• _WHAT IS REQUIRED_
No pictures belong in the answer. Repeat all the entries exactly.

Items from a data source
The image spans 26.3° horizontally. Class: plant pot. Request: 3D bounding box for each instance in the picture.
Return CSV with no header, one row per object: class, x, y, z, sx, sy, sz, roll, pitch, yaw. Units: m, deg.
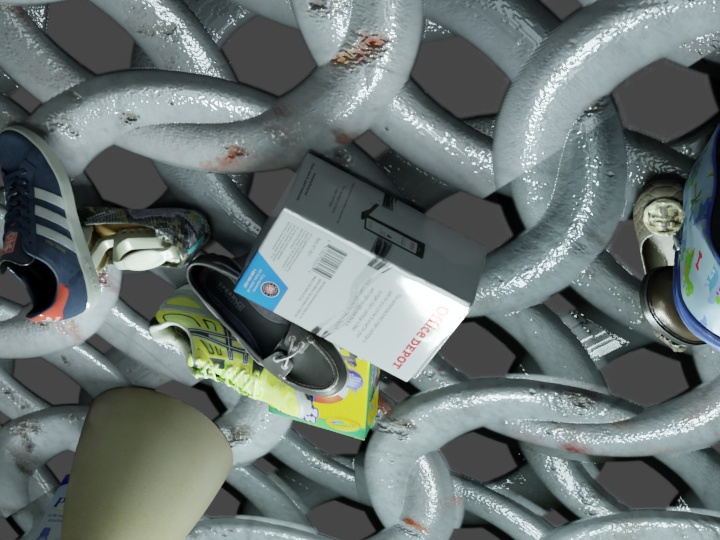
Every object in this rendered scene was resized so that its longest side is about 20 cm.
plant pot,-0.270,0.273,1.793,0.187,0.200,0.188,12,138,11

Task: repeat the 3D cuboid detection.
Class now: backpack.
backpack,0.341,-0.005,1.242,0.182,0.200,0.147,19,136,1

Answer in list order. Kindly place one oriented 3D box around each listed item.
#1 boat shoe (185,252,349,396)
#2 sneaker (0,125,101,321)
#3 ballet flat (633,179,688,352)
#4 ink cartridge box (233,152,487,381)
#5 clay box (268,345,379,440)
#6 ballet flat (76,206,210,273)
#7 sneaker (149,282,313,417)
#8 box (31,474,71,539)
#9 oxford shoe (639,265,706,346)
boat shoe,-0.098,0.057,1.530,0.200,0.057,0.067,41,102,17
sneaker,-0.328,-0.043,1.521,0.075,0.084,0.201,-21,92,45
ballet flat,0.282,0.002,1.393,0.067,0.046,0.200,4,135,18
ink cartridge box,0.000,0.000,1.480,0.200,0.084,0.146,28,138,-8
clay box,-0.039,0.106,1.635,0.115,0.048,0.200,15,137,12
ballet flat,-0.251,-0.029,1.569,0.200,0.072,0.072,-1,134,24
sneaker,-0.134,0.096,1.595,0.200,0.076,0.076,34,142,23
box,-0.330,0.389,1.939,0.105,0.200,0.184,-2,133,26
oxford shoe,0.331,0.032,1.345,0.199,0.073,0.084,12,166,-29
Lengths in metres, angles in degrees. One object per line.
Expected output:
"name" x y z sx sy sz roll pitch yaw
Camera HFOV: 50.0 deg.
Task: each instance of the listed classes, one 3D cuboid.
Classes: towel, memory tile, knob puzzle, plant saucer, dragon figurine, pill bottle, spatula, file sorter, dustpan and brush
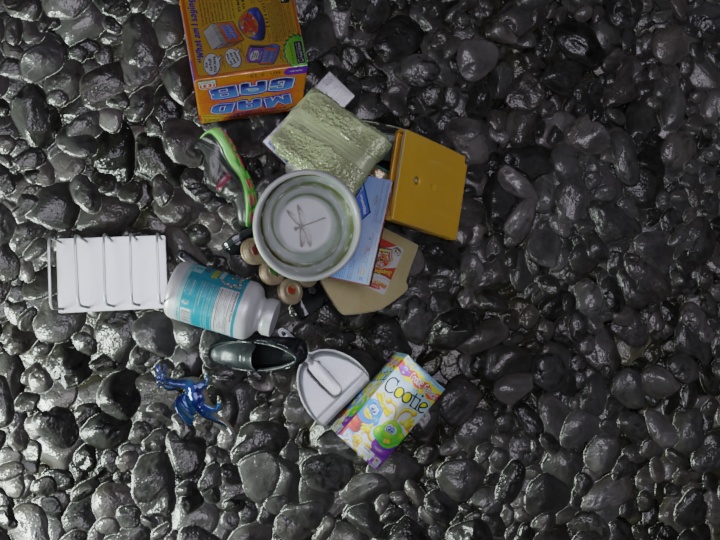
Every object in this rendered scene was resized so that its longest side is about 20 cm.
"towel" -0.057 -0.237 1.435 0.200 0.036 0.149 36 87 11
"memory tile" -0.118 -0.045 1.441 0.153 0.017 0.200 51 56 -16
"knob puzzle" 0.000 0.000 1.520 0.218 0.030 0.221 4 71 -13
"plant saucer" -0.098 -0.082 1.398 0.199 0.050 0.201 -2 97 -15
"dragon figurine" -0.312 0.253 1.448 0.099 0.059 0.201 -28 91 -10
"pill bottle" -0.252 0.060 1.425 0.199 0.111 0.111 17 84 2
"spatula" -0.270 0.022 1.488 0.200 0.021 0.057 36 85 -5
"file sorter" -0.459 0.002 1.405 0.199 0.125 0.140 -2 86 -10
"dustpan and brush" -0.089 0.186 1.490 0.140 0.057 0.200 -44 92 -9

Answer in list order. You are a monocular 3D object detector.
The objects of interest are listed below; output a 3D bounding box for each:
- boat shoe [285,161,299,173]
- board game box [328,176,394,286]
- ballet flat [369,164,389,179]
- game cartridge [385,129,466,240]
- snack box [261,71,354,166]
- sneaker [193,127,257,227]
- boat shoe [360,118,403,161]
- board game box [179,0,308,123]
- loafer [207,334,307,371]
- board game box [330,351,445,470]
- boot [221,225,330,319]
"boat shoe" -0.052 -0.168 1.518 0.199 0.072 0.069 28 43 -2
"board game box" -0.009 -0.079 1.437 0.102 0.019 0.201 12 86 11
"ballet flat" -0.005 -0.188 1.492 0.200 0.071 0.065 33 70 -5
"game cartridge" 0.131 -0.164 1.515 0.199 0.032 0.177 15 82 -45
"snack box" -0.103 -0.300 1.535 0.072 0.024 0.200 43 81 -6
"sneaker" -0.258 -0.173 1.486 0.083 0.077 0.201 -24 88 7
"boat shoe" 0.005 -0.266 1.536 0.199 0.071 0.064 11 46 -11
"board game box" -0.218 -0.413 1.422 0.199 0.200 0.201 -10 81 -10
"loafer" -0.198 0.155 1.441 0.199 0.070 0.068 -2 100 15
"board game box" 0.051 0.267 1.488 0.105 0.103 0.200 42 81 -5
"boot" -0.155 0.005 1.456 0.165 0.066 0.201 -31 94 -48
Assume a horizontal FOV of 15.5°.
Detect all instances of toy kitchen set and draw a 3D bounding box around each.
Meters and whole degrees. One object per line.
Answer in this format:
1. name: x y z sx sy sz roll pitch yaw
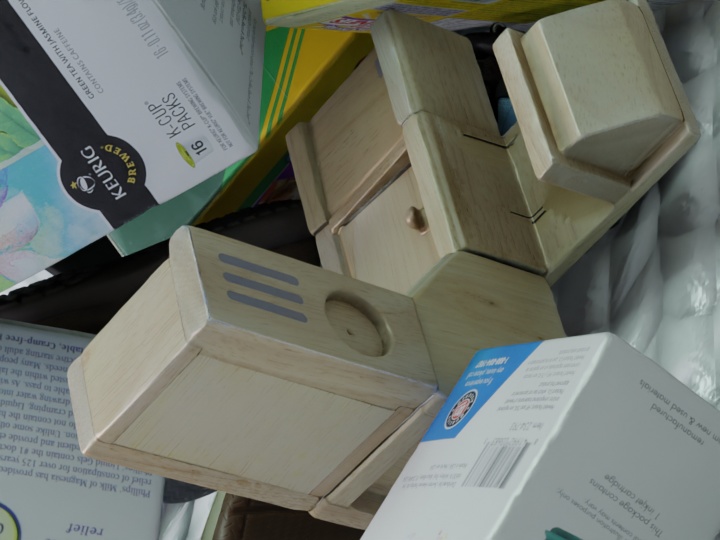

• _RESPONSE AREA_
The image spans 26.3° horizontally. Class: plant pot. Request: 3D bounding box for each instance in the picture.
Return CSV with no header, one row per object: class, x, y, z, sx, sy, sz, roll, pitch, yaw. Units: m, deg.
Every object in this rendered scene was resized so that its longest side is about 20 cm.
plant pot,-0.270,0.273,1.793,0.187,0.200,0.188,12,138,11

Task: repeat the 3D cuboid detection.
Class now: backpack.
backpack,0.341,-0.005,1.242,0.182,0.200,0.147,19,136,1

Answer in list order. Kindly place one oriented 3D box around each listed item.
#1 boat shoe (185,252,349,396)
#2 sneaker (0,125,101,321)
#3 ballet flat (633,179,688,352)
#4 ink cartridge box (233,152,487,381)
#5 clay box (268,345,379,440)
#6 ballet flat (76,206,210,273)
#7 sneaker (149,282,313,417)
#8 box (31,474,71,539)
#9 oxford shoe (639,265,706,346)
boat shoe,-0.098,0.057,1.530,0.200,0.057,0.067,41,102,17
sneaker,-0.328,-0.043,1.521,0.075,0.084,0.201,-21,92,45
ballet flat,0.282,0.002,1.393,0.067,0.046,0.200,4,135,18
ink cartridge box,0.000,0.000,1.480,0.200,0.084,0.146,28,138,-8
clay box,-0.039,0.106,1.635,0.115,0.048,0.200,15,137,12
ballet flat,-0.251,-0.029,1.569,0.200,0.072,0.072,-1,134,24
sneaker,-0.134,0.096,1.595,0.200,0.076,0.076,34,142,23
box,-0.330,0.389,1.939,0.105,0.200,0.184,-2,133,26
oxford shoe,0.331,0.032,1.345,0.199,0.073,0.084,12,166,-29
Lengths in metres, angles in degrees. One object per line.
Expected output:
"name" x y z sx sy sz roll pitch yaw
Camera HFOV: 50.0 deg.
Task: each instance of the listed classes, one 3D cuboid.
Classes: towel, memory tile, knob puzzle, plant saucer, dragon figurine, pill bottle, spatula, file sorter, dustpan and brush
Every object in this rendered scene was resized so that its longest side is about 20 cm.
"towel" -0.057 -0.237 1.435 0.200 0.036 0.149 36 87 11
"memory tile" -0.118 -0.045 1.441 0.153 0.017 0.200 51 56 -16
"knob puzzle" 0.000 0.000 1.520 0.218 0.030 0.221 4 71 -13
"plant saucer" -0.098 -0.082 1.398 0.199 0.050 0.201 -2 97 -15
"dragon figurine" -0.312 0.253 1.448 0.099 0.059 0.201 -28 91 -10
"pill bottle" -0.252 0.060 1.425 0.199 0.111 0.111 17 84 2
"spatula" -0.270 0.022 1.488 0.200 0.021 0.057 36 85 -5
"file sorter" -0.459 0.002 1.405 0.199 0.125 0.140 -2 86 -10
"dustpan and brush" -0.089 0.186 1.490 0.140 0.057 0.200 -44 92 -9

Answer in list order. You are a monocular 3D object detector.
The objects of interest are listed below; output a 3D bounding box for each:
- boat shoe [285,161,299,173]
- board game box [328,176,394,286]
- ballet flat [369,164,389,179]
- game cartridge [385,129,466,240]
- snack box [261,71,354,166]
- sneaker [193,127,257,227]
- boat shoe [360,118,403,161]
- board game box [179,0,308,123]
- loafer [207,334,307,371]
- board game box [330,351,445,470]
- boot [221,225,330,319]
"boat shoe" -0.052 -0.168 1.518 0.199 0.072 0.069 28 43 -2
"board game box" -0.009 -0.079 1.437 0.102 0.019 0.201 12 86 11
"ballet flat" -0.005 -0.188 1.492 0.200 0.071 0.065 33 70 -5
"game cartridge" 0.131 -0.164 1.515 0.199 0.032 0.177 15 82 -45
"snack box" -0.103 -0.300 1.535 0.072 0.024 0.200 43 81 -6
"sneaker" -0.258 -0.173 1.486 0.083 0.077 0.201 -24 88 7
"boat shoe" 0.005 -0.266 1.536 0.199 0.071 0.064 11 46 -11
"board game box" -0.218 -0.413 1.422 0.199 0.200 0.201 -10 81 -10
"loafer" -0.198 0.155 1.441 0.199 0.070 0.068 -2 100 15
"board game box" 0.051 0.267 1.488 0.105 0.103 0.200 42 81 -5
"boot" -0.155 0.005 1.456 0.165 0.066 0.201 -31 94 -48
Assume a horizontal FOV of 15.5°.
Detect all instances of toy kitchen set and draw a 3D bounding box around each.
Meters and whole degrees. One object per line.
Answer in this format:
1. name: x y z sx sy sz roll pitch yaw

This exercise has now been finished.